The climate in Tenerife is extremely varied. In the northern side there is more rain, and temperatures are milder. The north west, famous for it's lush vegetation, is also less developed. Most tourist resorts are situated in the sunnier and warmer south. The coast is well-connected by a modern motorway, yet the roads quickly narrow and become very twisty towards Mount Teide and the north. At higher altitudes the temperature quickly drops. Mount Teide base, approximately 2km above sea level, is usually above the almost permanent cloud layer and the thin air feels very chilly in summery clothes. It was very unusual to walk on the snow near the equator, before it even snowed back in Britain.

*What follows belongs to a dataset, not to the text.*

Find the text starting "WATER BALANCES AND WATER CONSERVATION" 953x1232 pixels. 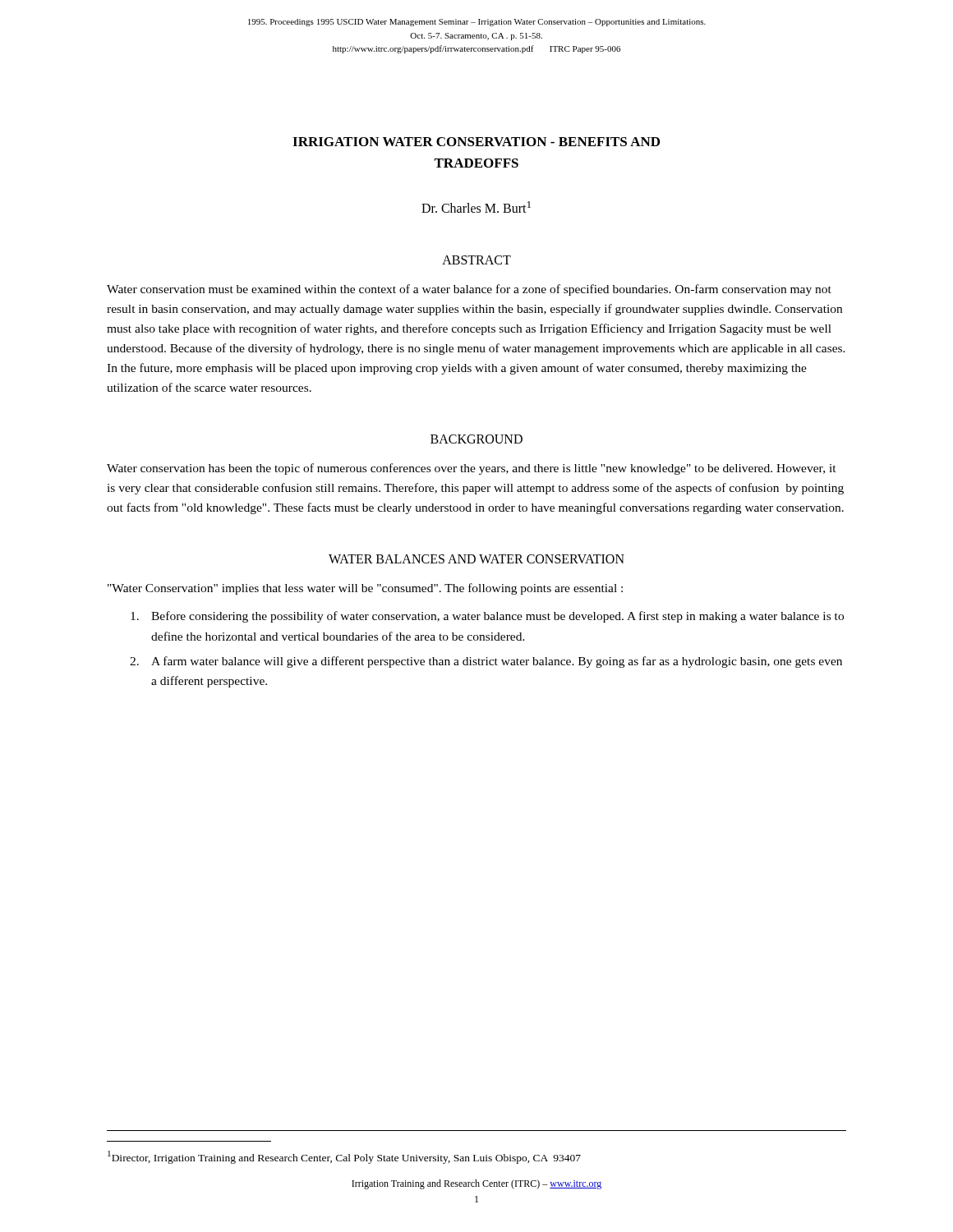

I stayed in Los Gigantes town on the west coast. Los Gigantes means 'The Giants' - a range of dramatic green cliffs and gorges. Despite the extremely difficult terrain and very narrow, winded mountain road, it is home to one of the best-known tourist locations in the island. Masca is a tiny historic village situated in a deep valley. Just a mere 20km away from the hotel, it feels like a different part of the world: palm and lemon trees, agave plants and opuntia cacti (their fruit called prickly pear is delicious!) grow on the steep slopes. The vegetation benefits from generous rainfall and cooler sea breeze. Dramatic skies, rainbow and vivid sunset makes it an unforgettably visit. There is a short and steep path through the gorge leading to a secluded rocky beach. The hike is a great adventure for an adventurous and brave soul; however it is not necessary to retrace the steps back up the hill - boat tickets are for sale in the village shop.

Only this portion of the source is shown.